Mr. Hopkins’s work drew inevitable fire; in interviews he sometimes likened his attackers to Holocaust deniers, an analogy that incurred further criticism.

Elliott Budd Hopkins was born in Wheeling, W. Va., on June 15, 1931, and at 2 survived polio. He earned a bachelor’s degree in art history from Oberlin College in 1953 and afterward settled in New York, where he soon made his artistic reputation.

After the Cape Cod sighting he described — a silvery disc over Truro, Mass. — Mr. Hopkins began researching U.F.O.’s. In 1976 he published an article about abductions in The Village Voice, which led to an article in Cosmopolitan.

The exposure drew sacks of letters from readers wondering if they too had been abducted, and his second career was born. By the 1980s, it had eclipsed the first.

Mr. Hopkins’s three marriages, to Joan Baer, April Kingsley and Carol Rainey, ended in divorce. Besides his daughter, Grace, from his marriage to Ms. Kingsley, he is survived by his companion, Leslie Kean; a sister, Eleanor Whiteley; and a grandchild.

His memoir, “Art, Life and UFOs,” was published in 2009 by Anomalist Books.

Unlike some writers in the genre who described their own abductions as spiritually transformative, Mr. Hopkins believed that no good could come of being the unwilling subject of a vast human genome project in the sky. He called his informants “victims” and ran group therapy sessions for them in New York.

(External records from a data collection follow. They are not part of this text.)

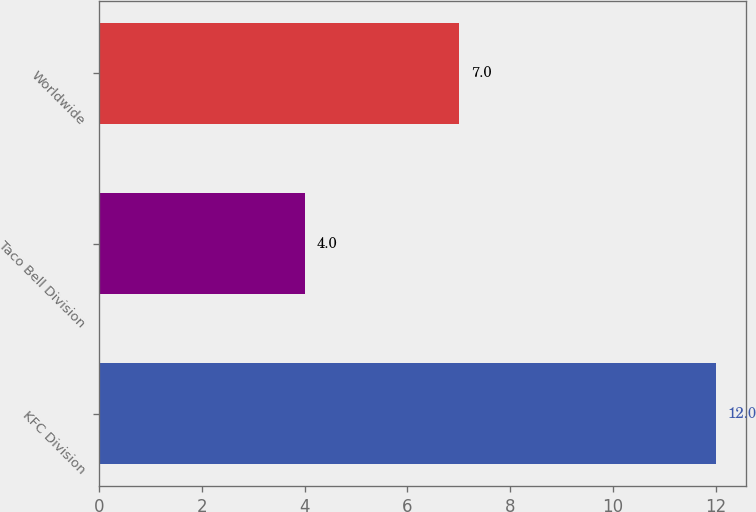<chart> <loc_0><loc_0><loc_500><loc_500><bar_chart><fcel>KFC Division<fcel>Taco Bell Division<fcel>Worldwide<nl><fcel>12<fcel>4<fcel>7<nl></chart> 
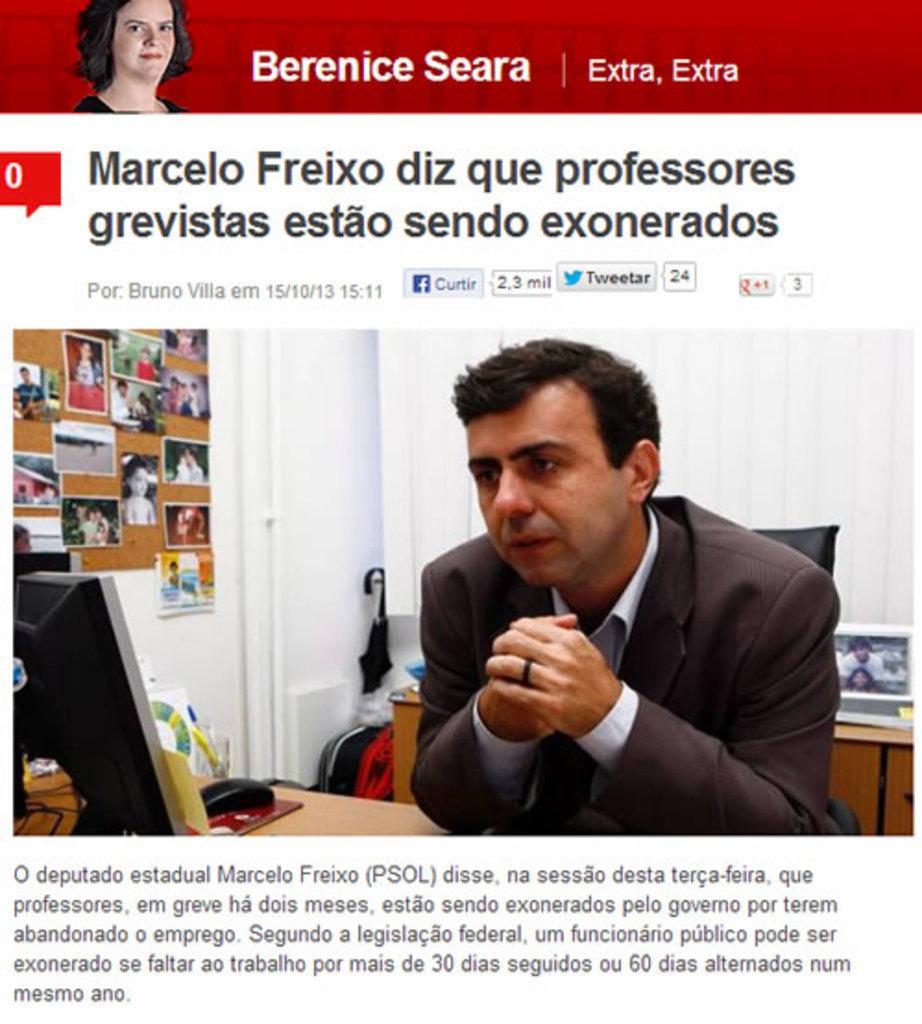Please provide a concise description of this image. This is an advertisement. In the center of the image we can see a man is sitting on a chair, in-front of him there is a table. On the table we can see a mouse, screen papers. In the background of the image we can see the photos, board, wall, photo frame and some other objects. At the top and bottom of the image we can see the text. At the top of the image we can see a lady and logo. 
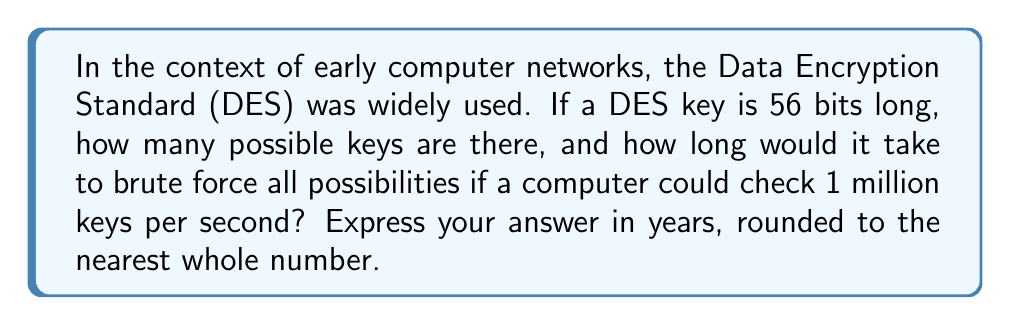Show me your answer to this math problem. To solve this problem, we'll follow these steps:

1. Calculate the number of possible DES keys:
   DES uses a 56-bit key, so the number of possible keys is:
   $$2^{56} = 72,057,594,037,927,936$$

2. Calculate how many keys can be checked per year:
   Keys per second: 1,000,000
   Seconds in a year: 365 * 24 * 60 * 60 = 31,536,000
   Keys per year: $$1,000,000 * 31,536,000 = 31,536,000,000,000$$

3. Calculate how many years it would take to check all keys:
   $$\text{Years} = \frac{\text{Total keys}}{\text{Keys per year}}$$
   $$\text{Years} = \frac{72,057,594,037,927,936}{31,536,000,000,000}$$
   $$\text{Years} = 2,285.57$$

4. Round to the nearest whole number:
   2,286 years

This calculation demonstrates the strength of DES encryption in early computer networks, as it would take an impractical amount of time to brute force all possible keys, even with relatively fast computing power.
Answer: 2,286 years

Many who shared their stories with Mr. Hopkins had no conscious memory of their abductions at first. But they had lived for years, he said, with the nagging feeling that somewhere, something in their lives had gone horribly wrong.

Their condition, Mr. Hopkins said, was not as rare as one might suppose. By his reckoning, 1 in 50 Americans has been abducted by an alien and simply does not know it.